# Blues Lovers in Burlington, Need Bass, Keys, Singer



## caaustin02 (Nov 1, 2007)

Hey all:

Guitarist and drummer (both 35 years old) are looking for bass, Keys and Singer for Blues band. Willing to play anything blues based, but not death metal, emo, nu-metal

Skill is not an issue at this point, the important thing is that everyone is easy going and easy to get along with. The future goal is to start playing out, but the reason for starting this project is to have to some fun playing some damn fine music.
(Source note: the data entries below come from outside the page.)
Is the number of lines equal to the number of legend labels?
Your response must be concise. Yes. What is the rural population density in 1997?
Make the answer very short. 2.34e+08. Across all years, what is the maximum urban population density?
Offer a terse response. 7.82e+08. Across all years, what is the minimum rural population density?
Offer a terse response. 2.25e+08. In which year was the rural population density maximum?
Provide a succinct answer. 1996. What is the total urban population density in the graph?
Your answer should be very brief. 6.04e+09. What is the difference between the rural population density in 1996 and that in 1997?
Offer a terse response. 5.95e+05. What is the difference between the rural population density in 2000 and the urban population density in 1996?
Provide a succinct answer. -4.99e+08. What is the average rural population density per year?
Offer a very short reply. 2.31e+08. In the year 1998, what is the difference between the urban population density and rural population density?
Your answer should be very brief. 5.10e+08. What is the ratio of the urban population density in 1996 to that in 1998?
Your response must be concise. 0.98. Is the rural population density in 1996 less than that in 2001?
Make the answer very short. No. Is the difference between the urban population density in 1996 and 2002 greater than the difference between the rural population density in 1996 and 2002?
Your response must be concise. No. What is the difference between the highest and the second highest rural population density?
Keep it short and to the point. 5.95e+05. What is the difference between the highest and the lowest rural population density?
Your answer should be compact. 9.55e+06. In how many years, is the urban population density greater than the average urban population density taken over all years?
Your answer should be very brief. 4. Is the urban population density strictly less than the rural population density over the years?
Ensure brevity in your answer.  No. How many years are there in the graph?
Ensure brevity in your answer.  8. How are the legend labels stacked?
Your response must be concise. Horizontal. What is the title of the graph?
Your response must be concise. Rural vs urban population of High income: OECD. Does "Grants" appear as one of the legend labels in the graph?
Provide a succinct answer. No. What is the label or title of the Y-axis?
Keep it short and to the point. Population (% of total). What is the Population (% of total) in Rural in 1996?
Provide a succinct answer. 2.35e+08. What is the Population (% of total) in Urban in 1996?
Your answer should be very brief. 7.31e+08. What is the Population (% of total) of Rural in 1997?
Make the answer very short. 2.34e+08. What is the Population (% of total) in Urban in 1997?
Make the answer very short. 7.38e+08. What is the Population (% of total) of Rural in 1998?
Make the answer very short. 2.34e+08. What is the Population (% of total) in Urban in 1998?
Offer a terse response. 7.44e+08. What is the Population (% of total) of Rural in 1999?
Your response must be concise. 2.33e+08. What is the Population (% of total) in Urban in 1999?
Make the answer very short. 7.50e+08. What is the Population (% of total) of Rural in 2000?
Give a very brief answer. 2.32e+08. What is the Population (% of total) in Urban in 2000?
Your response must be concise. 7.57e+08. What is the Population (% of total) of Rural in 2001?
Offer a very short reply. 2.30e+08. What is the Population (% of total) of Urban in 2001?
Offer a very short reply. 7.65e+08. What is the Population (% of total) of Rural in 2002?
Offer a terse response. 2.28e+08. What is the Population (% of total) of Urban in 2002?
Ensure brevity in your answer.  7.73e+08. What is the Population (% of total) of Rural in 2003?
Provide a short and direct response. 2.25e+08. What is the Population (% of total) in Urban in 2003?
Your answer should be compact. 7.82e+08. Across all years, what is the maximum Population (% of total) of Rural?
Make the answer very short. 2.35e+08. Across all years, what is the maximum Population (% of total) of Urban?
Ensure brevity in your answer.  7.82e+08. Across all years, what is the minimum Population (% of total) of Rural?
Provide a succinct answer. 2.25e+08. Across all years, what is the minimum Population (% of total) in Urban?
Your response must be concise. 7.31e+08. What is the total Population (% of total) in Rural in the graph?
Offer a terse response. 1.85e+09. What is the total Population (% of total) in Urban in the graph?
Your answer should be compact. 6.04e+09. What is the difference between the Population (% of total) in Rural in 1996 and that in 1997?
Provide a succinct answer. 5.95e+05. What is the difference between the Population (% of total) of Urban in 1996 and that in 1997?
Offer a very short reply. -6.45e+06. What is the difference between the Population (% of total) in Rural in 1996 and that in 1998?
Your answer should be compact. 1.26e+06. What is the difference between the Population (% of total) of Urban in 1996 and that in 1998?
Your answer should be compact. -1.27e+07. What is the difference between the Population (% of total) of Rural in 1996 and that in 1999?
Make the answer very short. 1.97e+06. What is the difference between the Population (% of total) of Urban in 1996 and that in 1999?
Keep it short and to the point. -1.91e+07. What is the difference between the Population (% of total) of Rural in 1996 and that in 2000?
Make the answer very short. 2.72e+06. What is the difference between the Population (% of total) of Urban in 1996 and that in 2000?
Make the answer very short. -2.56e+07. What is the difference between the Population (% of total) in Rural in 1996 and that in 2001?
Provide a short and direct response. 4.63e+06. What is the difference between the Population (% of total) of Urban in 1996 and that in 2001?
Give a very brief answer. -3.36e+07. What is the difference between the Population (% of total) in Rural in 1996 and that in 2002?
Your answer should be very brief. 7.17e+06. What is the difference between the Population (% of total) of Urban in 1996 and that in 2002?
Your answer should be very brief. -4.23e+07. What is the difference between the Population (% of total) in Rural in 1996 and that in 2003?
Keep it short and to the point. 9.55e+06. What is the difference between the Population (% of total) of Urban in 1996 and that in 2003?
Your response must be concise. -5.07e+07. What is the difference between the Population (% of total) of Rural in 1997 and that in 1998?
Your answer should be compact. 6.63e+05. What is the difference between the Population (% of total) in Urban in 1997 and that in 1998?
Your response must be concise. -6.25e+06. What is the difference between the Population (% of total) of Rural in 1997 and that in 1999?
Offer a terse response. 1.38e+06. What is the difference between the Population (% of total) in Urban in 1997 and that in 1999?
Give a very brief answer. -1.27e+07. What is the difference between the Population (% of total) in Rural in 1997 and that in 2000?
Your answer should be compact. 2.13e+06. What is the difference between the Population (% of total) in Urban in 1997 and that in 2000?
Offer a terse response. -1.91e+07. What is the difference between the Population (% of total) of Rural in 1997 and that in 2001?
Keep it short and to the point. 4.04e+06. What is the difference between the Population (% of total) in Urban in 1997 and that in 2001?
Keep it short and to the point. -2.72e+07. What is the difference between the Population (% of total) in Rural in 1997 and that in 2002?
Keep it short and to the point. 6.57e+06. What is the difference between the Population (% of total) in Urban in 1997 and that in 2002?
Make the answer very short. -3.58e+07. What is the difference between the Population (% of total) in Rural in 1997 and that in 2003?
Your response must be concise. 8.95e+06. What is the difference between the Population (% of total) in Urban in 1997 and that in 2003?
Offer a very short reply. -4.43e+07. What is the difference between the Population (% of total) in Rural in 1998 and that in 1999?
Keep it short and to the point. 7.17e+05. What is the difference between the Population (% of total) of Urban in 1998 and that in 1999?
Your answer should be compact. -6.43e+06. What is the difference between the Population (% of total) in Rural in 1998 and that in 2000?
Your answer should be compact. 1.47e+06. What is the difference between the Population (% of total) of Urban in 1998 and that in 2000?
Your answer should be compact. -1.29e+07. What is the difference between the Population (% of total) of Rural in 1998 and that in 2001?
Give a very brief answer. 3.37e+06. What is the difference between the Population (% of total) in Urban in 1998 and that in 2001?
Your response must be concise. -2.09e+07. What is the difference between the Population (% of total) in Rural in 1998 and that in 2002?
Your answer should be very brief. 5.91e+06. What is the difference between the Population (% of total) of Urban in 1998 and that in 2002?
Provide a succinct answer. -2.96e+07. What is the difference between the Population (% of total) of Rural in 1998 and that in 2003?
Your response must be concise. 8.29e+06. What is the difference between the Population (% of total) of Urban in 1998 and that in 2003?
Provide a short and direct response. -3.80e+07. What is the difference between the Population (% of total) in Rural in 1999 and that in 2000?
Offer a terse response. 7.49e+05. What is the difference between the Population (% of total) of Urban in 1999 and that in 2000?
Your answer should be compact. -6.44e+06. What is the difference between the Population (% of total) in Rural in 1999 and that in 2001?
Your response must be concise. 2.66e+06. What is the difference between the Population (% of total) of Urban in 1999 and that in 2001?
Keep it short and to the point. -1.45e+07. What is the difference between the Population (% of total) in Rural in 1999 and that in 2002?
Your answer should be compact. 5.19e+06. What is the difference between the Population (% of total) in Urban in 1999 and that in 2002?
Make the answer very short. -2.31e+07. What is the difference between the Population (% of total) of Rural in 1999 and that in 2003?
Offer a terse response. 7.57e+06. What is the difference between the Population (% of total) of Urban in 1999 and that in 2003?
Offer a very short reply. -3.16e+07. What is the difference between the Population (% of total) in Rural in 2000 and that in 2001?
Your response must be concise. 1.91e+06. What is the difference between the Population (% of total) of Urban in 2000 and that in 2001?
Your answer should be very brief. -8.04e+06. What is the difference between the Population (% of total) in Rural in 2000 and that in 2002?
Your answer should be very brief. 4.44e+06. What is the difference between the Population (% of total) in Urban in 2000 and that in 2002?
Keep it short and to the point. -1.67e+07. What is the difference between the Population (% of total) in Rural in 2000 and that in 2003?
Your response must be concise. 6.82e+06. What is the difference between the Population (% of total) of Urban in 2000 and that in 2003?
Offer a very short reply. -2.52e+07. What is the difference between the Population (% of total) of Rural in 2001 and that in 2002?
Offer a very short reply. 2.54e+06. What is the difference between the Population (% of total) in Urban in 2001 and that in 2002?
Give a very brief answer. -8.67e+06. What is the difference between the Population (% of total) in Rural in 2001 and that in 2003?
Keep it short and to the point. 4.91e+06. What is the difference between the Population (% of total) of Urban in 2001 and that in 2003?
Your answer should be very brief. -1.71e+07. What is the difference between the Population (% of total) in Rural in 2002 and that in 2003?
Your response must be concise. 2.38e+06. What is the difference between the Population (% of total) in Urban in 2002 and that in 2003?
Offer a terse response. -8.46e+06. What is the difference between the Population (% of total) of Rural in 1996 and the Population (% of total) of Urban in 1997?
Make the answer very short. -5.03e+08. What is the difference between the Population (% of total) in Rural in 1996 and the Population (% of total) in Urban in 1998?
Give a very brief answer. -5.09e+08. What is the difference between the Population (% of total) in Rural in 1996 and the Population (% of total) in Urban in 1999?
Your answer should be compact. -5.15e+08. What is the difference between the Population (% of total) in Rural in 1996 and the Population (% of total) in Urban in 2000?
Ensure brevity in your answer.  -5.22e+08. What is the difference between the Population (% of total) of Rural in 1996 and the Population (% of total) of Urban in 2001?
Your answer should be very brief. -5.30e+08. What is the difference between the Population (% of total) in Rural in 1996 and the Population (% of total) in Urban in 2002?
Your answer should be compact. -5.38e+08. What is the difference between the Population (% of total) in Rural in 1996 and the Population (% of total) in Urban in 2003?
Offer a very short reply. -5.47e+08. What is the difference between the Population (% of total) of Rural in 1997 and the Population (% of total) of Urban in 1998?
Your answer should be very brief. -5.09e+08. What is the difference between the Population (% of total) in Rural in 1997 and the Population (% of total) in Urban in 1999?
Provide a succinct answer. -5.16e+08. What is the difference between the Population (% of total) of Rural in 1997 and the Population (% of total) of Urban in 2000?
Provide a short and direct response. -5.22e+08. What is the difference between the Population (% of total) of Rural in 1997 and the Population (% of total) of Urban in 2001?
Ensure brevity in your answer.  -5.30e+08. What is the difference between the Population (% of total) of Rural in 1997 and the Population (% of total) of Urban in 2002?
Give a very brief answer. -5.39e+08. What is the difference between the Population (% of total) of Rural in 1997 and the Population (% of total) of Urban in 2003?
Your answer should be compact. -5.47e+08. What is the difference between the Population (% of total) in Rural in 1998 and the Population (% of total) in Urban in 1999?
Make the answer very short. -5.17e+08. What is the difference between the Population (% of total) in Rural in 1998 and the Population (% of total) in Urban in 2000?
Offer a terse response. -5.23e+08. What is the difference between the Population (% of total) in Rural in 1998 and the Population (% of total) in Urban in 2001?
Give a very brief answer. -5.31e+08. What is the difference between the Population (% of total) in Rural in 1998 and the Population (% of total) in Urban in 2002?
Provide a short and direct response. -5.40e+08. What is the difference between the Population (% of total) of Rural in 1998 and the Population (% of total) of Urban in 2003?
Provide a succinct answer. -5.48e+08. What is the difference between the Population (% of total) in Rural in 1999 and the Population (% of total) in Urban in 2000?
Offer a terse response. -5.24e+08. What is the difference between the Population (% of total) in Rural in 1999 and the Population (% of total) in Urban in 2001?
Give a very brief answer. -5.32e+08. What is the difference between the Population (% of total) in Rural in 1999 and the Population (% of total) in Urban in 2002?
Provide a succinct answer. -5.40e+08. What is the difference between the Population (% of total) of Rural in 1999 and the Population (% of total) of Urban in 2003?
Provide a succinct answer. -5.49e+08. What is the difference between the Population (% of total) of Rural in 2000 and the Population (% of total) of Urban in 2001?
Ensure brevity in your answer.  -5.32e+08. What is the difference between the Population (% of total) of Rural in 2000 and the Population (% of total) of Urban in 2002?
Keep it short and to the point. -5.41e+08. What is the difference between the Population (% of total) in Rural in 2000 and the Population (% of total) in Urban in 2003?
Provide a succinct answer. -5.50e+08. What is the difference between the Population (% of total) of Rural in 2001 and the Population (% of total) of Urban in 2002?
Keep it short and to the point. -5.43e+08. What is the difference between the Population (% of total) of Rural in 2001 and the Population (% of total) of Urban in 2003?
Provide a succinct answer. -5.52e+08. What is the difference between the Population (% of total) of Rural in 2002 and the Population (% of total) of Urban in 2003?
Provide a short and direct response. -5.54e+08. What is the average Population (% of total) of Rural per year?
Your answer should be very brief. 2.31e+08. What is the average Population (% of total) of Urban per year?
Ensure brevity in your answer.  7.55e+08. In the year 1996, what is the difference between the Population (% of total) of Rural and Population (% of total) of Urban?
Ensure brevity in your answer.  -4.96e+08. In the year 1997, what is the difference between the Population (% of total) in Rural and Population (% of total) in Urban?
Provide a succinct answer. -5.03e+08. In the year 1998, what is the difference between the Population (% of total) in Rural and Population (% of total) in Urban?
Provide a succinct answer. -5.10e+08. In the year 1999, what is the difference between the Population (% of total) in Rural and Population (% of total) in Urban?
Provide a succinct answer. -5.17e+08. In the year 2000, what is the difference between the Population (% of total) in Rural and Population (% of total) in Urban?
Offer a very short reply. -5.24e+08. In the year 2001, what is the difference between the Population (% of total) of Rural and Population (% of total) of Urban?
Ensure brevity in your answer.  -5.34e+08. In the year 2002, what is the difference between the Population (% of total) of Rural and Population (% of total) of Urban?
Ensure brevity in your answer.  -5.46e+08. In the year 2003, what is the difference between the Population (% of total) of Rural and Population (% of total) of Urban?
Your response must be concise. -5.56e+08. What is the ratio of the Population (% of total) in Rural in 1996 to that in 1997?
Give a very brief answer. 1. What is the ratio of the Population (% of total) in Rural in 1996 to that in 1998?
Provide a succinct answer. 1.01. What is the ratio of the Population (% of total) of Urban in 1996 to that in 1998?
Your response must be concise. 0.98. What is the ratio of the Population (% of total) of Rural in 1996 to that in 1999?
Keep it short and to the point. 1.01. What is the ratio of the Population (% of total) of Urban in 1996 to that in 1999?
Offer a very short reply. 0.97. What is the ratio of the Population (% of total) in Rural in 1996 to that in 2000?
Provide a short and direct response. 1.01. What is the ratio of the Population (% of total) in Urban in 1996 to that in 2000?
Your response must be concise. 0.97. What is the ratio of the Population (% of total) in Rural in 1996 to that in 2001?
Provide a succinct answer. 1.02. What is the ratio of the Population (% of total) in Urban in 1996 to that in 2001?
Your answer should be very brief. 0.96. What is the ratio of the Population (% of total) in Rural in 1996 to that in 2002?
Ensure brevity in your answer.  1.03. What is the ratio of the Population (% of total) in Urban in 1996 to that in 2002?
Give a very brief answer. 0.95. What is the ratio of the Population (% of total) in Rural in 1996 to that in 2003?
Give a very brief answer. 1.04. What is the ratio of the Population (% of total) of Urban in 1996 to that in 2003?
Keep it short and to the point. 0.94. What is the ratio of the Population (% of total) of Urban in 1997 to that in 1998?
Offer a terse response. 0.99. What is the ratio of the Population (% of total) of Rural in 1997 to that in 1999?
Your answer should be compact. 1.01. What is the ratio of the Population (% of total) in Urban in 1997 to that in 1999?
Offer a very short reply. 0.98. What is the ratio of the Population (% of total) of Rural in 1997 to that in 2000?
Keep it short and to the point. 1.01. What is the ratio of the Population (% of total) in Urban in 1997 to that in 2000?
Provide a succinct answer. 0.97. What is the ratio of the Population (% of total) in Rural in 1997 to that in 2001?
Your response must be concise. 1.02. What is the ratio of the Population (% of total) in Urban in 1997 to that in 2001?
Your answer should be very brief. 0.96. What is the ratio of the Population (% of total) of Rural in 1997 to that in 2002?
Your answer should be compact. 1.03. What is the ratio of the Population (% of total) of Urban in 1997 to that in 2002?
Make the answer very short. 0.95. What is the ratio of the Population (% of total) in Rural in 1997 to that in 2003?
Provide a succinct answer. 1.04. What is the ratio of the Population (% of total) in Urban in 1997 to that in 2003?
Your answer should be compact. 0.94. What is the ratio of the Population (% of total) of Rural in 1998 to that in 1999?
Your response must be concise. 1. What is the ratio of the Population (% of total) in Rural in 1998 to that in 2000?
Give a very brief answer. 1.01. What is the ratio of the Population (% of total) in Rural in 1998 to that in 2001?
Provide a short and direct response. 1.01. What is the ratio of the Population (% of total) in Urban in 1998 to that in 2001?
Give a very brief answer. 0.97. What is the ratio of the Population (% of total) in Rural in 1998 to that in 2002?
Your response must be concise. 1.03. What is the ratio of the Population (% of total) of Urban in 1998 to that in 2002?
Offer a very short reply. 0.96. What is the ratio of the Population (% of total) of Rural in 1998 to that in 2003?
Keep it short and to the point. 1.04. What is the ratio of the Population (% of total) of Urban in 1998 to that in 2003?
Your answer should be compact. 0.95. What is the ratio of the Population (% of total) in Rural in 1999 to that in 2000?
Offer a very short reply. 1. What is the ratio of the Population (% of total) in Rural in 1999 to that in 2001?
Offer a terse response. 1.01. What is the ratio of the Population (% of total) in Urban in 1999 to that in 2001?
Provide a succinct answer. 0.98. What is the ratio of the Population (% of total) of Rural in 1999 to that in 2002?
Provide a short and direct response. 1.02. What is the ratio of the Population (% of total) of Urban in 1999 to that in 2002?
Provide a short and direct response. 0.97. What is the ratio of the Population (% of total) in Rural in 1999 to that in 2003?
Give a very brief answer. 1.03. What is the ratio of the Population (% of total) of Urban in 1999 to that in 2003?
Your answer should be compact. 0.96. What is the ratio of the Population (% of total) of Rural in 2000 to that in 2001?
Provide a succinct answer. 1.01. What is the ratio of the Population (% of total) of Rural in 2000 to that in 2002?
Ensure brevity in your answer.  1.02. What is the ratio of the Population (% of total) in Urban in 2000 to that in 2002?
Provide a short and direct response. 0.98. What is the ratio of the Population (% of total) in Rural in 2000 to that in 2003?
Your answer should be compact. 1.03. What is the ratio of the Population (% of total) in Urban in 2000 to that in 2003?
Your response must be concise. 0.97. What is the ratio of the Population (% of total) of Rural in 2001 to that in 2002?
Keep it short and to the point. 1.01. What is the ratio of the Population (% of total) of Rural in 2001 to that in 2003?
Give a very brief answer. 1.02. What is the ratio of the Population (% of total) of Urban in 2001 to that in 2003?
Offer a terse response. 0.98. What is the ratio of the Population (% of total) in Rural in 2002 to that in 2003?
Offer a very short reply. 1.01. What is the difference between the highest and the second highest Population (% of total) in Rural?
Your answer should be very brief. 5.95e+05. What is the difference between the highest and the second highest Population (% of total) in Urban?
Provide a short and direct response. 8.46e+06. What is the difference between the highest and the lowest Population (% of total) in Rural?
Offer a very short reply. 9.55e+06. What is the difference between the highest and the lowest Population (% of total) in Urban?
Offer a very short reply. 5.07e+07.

Men, women of all ages welcome.


----------



## bagpipe (Sep 19, 2006)

caaustin02 said:


> Hey all:
> 
> Guitarist and drummer (both 35 years old) are looking for bass, Keys and Singer for Blues band. Willing to play anything blues based, but not death metal, emo, nu-metal


Would you be willing to compromise and play some Death blues ? :banana:






Just kidding. Good luck with the search.


----------



## a Pack of Wolves (Sep 5, 2007)

35, in hamilton and a singer!

lemme know


----------



## caaustin02 (Nov 1, 2007)

fire it up!

I'll send you a message with my email and phone number. Give me a couple of days because I start working in Burlington next Monday, so I have a lot of stuff to take care of. I say we all meet first for food/drinks, whatever - just informally, so we know where we all are.


----------